Requirement: Run through the records and, wherever a line holds the word "north", return that line.

───── Extracted records ─────

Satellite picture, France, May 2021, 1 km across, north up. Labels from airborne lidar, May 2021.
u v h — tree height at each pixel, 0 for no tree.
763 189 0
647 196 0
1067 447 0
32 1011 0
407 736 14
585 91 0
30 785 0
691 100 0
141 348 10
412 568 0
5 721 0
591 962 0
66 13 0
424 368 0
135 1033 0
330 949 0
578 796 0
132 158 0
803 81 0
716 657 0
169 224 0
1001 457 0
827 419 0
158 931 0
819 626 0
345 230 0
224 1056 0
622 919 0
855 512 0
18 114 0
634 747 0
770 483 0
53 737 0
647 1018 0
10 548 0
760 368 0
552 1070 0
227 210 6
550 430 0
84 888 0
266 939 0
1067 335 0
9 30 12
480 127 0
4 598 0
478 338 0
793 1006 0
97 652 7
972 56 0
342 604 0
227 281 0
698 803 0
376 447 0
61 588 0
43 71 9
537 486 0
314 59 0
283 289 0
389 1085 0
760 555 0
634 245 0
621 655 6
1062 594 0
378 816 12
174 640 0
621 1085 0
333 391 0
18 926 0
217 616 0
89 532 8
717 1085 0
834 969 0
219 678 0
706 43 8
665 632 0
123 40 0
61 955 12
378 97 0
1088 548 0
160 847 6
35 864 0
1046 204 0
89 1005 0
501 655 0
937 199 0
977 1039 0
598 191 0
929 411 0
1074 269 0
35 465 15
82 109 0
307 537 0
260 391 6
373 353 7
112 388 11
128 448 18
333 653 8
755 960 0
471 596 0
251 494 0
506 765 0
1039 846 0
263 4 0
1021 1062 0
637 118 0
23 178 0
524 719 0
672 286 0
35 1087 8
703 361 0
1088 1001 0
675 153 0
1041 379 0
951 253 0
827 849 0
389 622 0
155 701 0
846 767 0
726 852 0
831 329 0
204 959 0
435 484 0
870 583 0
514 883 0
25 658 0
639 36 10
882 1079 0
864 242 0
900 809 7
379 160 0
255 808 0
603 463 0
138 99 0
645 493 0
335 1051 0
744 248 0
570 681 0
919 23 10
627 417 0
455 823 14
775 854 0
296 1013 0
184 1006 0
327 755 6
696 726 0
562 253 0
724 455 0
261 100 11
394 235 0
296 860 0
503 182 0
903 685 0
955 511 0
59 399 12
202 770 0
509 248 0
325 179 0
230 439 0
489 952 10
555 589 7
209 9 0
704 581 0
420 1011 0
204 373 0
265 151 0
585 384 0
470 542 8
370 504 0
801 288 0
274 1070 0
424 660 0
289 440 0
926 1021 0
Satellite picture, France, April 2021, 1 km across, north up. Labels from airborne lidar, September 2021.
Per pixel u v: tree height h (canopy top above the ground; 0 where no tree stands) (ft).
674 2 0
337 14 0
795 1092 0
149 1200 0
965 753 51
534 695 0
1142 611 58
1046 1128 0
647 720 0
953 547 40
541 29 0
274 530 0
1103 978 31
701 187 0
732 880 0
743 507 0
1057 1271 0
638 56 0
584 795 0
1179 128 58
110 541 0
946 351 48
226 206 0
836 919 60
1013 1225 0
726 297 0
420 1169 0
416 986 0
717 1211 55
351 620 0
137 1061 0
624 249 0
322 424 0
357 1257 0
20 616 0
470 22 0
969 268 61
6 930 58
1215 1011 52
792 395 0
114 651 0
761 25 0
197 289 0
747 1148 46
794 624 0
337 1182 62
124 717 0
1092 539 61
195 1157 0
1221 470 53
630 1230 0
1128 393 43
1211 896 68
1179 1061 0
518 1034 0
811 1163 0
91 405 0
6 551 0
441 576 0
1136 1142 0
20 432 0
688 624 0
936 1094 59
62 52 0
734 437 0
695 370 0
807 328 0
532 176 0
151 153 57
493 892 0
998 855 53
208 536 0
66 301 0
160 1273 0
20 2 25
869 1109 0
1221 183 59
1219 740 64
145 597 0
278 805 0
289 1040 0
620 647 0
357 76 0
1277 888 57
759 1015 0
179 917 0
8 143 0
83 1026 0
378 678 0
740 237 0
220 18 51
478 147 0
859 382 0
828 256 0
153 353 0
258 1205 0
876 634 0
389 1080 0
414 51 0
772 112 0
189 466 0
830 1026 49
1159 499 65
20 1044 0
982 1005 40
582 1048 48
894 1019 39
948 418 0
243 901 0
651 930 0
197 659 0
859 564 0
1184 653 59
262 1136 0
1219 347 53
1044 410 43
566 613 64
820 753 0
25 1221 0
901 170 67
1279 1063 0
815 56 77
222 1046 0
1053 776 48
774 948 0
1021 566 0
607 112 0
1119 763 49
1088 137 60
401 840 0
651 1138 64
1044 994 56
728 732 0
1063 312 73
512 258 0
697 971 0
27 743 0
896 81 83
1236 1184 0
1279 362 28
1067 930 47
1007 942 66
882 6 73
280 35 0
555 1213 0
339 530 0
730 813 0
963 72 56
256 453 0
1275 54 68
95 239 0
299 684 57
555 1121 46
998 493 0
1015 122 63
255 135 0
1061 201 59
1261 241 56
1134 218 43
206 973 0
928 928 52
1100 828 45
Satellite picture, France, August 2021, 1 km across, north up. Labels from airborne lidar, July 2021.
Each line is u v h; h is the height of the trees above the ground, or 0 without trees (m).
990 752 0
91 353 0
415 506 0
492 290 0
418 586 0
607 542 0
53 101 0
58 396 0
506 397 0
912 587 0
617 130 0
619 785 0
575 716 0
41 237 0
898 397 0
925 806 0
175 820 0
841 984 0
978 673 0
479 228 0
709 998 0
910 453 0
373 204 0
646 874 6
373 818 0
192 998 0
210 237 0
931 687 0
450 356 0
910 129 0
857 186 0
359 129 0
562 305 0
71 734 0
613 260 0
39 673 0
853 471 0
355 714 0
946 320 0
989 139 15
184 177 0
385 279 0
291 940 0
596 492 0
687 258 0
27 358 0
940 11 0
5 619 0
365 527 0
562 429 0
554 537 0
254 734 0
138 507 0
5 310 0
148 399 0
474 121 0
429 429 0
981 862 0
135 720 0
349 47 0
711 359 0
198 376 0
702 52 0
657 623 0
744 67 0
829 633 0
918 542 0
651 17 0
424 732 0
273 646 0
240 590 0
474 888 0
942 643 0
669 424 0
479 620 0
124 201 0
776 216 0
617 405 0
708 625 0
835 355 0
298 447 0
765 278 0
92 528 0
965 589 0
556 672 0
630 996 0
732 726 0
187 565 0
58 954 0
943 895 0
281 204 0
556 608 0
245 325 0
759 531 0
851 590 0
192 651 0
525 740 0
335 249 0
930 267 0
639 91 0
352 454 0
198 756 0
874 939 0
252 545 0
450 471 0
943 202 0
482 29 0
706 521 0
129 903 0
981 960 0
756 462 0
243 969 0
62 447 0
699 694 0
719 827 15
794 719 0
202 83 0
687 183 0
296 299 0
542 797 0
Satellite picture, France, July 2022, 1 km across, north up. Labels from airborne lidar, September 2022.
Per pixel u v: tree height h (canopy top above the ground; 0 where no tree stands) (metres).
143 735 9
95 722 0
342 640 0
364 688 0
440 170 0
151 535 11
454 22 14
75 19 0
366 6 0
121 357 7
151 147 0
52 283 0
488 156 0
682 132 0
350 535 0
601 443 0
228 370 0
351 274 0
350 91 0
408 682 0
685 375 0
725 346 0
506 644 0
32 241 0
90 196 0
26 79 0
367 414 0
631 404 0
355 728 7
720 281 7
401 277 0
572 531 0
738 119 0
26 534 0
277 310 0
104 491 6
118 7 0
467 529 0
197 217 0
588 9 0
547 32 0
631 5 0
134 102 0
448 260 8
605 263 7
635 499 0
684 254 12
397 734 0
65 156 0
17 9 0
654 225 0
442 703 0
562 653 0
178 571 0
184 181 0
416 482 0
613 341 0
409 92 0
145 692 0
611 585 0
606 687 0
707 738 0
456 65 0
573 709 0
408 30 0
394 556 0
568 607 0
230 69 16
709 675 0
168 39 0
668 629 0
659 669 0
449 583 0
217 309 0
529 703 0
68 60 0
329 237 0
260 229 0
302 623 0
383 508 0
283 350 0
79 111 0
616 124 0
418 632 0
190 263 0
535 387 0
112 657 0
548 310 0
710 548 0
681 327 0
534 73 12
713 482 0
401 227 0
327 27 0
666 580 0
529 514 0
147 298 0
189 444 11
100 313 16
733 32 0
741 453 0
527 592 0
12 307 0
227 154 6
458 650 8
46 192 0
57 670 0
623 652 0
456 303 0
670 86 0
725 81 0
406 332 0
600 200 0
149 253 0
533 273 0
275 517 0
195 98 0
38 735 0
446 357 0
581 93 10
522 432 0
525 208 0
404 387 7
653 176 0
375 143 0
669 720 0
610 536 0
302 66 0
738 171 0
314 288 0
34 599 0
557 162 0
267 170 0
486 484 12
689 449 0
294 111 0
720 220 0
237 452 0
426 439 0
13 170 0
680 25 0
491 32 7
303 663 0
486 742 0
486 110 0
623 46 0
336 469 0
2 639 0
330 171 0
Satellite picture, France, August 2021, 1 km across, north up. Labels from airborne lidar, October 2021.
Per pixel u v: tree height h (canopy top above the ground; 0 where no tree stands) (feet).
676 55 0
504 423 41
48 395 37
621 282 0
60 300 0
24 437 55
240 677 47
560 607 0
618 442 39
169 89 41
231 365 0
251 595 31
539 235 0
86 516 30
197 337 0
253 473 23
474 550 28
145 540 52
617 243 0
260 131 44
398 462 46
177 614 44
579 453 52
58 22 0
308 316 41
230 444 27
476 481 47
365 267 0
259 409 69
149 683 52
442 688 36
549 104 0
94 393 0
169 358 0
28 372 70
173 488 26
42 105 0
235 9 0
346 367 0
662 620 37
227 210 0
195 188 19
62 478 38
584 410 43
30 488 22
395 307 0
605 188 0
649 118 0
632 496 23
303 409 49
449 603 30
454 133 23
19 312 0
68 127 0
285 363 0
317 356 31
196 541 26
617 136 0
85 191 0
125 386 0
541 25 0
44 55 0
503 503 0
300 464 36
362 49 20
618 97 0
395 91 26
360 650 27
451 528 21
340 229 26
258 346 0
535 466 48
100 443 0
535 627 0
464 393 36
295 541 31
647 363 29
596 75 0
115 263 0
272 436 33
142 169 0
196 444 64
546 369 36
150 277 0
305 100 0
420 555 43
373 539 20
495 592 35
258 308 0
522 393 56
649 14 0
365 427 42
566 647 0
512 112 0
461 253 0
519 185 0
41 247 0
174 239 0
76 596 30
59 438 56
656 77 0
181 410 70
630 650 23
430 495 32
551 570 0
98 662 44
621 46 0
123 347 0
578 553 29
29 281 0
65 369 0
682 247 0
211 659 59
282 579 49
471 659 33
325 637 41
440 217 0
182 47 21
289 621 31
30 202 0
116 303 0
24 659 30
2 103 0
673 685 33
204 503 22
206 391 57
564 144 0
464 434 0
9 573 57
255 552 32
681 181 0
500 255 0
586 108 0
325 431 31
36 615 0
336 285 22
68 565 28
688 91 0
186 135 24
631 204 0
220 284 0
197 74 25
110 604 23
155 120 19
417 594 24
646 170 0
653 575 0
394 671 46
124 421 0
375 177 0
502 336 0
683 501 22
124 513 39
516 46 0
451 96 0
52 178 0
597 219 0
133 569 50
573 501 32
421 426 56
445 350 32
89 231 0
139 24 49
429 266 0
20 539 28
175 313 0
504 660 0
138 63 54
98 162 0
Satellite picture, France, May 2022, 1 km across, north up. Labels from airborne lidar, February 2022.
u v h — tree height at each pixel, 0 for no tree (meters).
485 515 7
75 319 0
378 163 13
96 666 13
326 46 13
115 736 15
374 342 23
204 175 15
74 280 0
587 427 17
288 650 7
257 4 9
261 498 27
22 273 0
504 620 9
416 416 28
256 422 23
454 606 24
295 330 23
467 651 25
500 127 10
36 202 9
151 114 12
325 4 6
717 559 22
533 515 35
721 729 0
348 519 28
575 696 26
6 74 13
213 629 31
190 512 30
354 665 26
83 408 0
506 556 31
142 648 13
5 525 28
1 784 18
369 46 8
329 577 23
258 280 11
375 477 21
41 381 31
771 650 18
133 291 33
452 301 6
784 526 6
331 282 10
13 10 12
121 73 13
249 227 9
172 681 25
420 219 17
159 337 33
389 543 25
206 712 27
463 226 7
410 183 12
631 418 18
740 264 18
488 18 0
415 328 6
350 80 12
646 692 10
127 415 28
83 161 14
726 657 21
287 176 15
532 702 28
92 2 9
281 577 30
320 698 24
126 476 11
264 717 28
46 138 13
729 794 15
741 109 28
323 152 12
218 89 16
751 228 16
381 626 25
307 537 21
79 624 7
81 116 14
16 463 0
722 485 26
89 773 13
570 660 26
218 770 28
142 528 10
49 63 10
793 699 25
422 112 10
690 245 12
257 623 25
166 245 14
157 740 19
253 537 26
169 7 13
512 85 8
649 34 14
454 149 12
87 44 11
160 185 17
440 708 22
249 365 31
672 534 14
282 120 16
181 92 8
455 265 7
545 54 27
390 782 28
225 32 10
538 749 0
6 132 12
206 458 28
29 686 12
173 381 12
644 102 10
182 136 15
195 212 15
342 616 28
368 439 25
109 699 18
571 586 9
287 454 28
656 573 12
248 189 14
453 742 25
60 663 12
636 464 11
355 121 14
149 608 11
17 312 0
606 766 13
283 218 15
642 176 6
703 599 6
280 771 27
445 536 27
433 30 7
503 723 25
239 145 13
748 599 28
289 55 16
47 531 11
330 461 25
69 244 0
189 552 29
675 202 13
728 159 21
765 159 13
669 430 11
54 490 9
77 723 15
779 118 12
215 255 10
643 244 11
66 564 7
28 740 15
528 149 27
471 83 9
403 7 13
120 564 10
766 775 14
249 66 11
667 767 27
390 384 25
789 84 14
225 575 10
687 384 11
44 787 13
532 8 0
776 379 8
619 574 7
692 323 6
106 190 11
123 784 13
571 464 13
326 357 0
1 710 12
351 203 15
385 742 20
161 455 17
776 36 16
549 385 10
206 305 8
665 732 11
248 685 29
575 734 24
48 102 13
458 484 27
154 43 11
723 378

─────

Answer to the exercise:
Satellite picture, France, May 2021, 1 km across, north up. Labels from airborne lidar, May 2021.
Satellite picture, France, April 2021, 1 km across, north up. Labels from airborne lidar, September 2021.
Satellite picture, France, August 2021, 1 km across, north up. Labels from airborne lidar, July 2021.
Satellite picture, France, July 2022, 1 km across, north up. Labels from airborne lidar, September 2022.
Satellite picture, France, August 2021, 1 km across, north up. Labels from airborne lidar, October 2021.
Satellite picture, France, May 2022, 1 km across, north up. Labels from airborne lidar, February 2022.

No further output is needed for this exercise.